A data leak has impacted SABO, a global fashion and design company based in Australia, exposing over 3.5 million customer records. The breach, discovered by cybersecurity researcher Jeremiah Fowler, involved a misconfigured database containing 292 GB of sensitive customer information that was left unsecured and without password protection. The findings were published by vpnMentor and shared with HackRead.com.
The exposed data comprised nearly 3,587,960 records totalling 292 GB of sensitive customer information. It included personally identifiable information (PII) such as customer names, physical and email addresses, phone numbers, and detailed order information for both retail and commercial clients.
Documents like invoices, packing slips, and return documents, dating from 2015 to June 27, 2025, were also part of the exposed records, impacting both retail and commercial customers. Samples from the compromised database provided by Fowler show detailed invoices with specific order dates and product listings.
Risk to Customers
While the records pointed to SABO, it remains unclear if the database was directly managed by them or a third party, nor is it known how long it was exposed or if other parties accessed it. Still, the nature of this data exposure should be concerning for the unsuspected affected individuals.

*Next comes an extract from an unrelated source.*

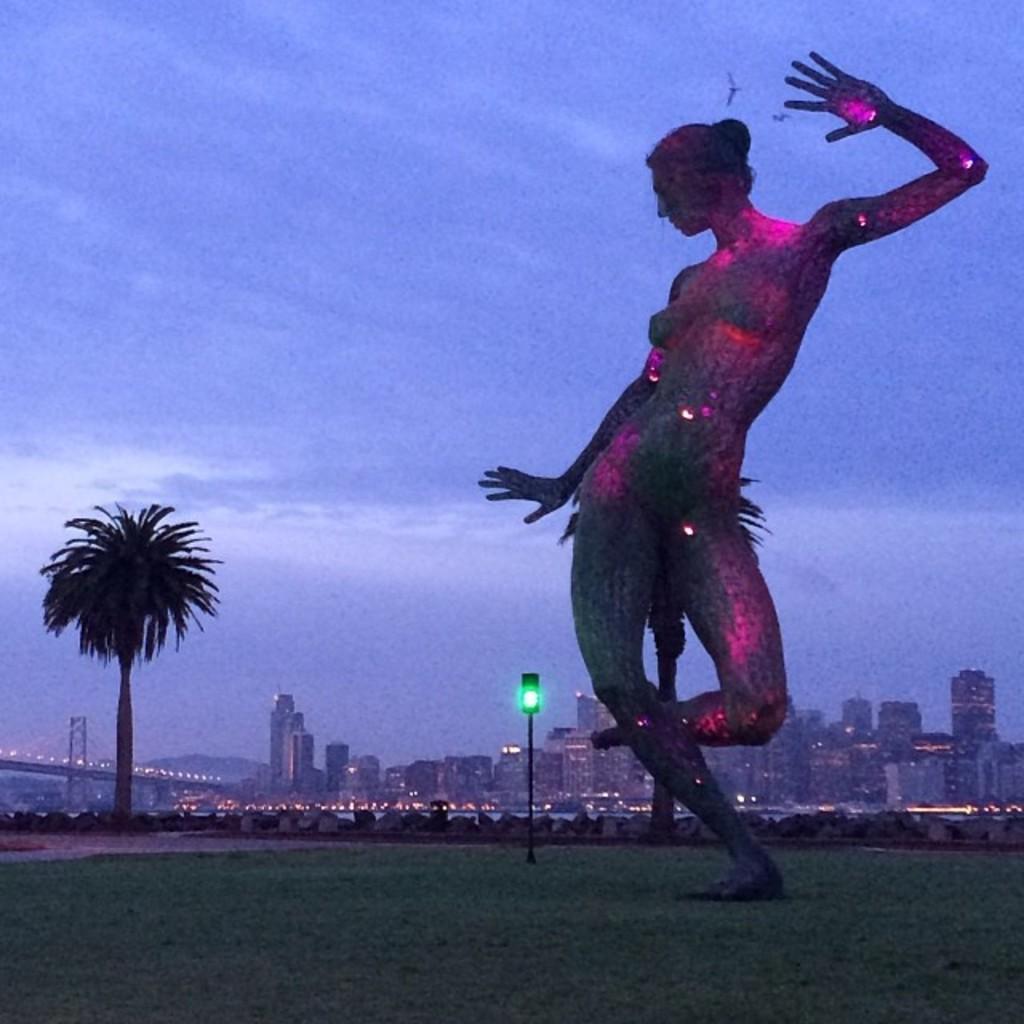How would you summarize this image in a sentence or two? In this image there is a statue on the grass surface, behind the statue there is a traffic light and a tree, in the background of the image there are buildings and a bridge. 
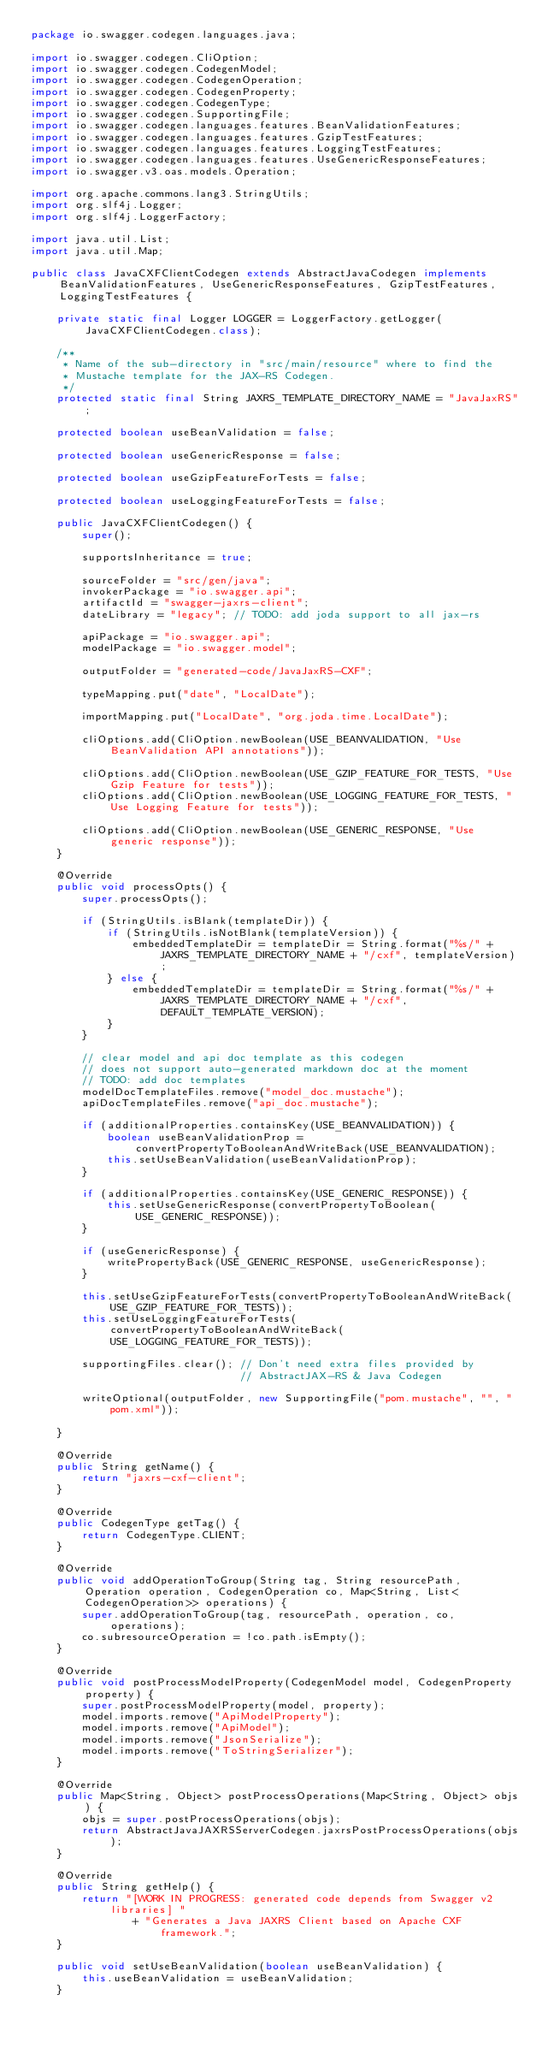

With personal details and purchasing history exposed without encryption, customers are at risk of targeted cyberattacks. With some social engineering, cybercriminals could exploit this information to compose convincing phishing emails, designed to trick individuals into revealing further sensitive data or financial information.
These types of scams often leverage real order numbers and purchase details, making them incredibly difficult to distinguish from legitimate communications, Fowler explained in the blog post.
Other than phishing attacks, the exposed data could also be used for social engineering attacks, where criminals manipulate individuals into revealing confidential information. The threat of financial fraud also looms large, as bad actors could potentially use the stolen PII to attempt unauthorised transactions or account takeovers.
Protecting Yourself
Although the exposed database was secured shortly after Fowler’s responsible disclosure to SABO, the exposure goes on to show why data encryption is a must. Therefore, always verify the sender’s email address and ensure it matches the official company domain before clicking on any links or downloading attachments.
Be wary of unexpected communications, especially those asking for personal or financial details. It’s always best to use official communication channels, such as directly visiting the company’s website, to verify any suspicious requests.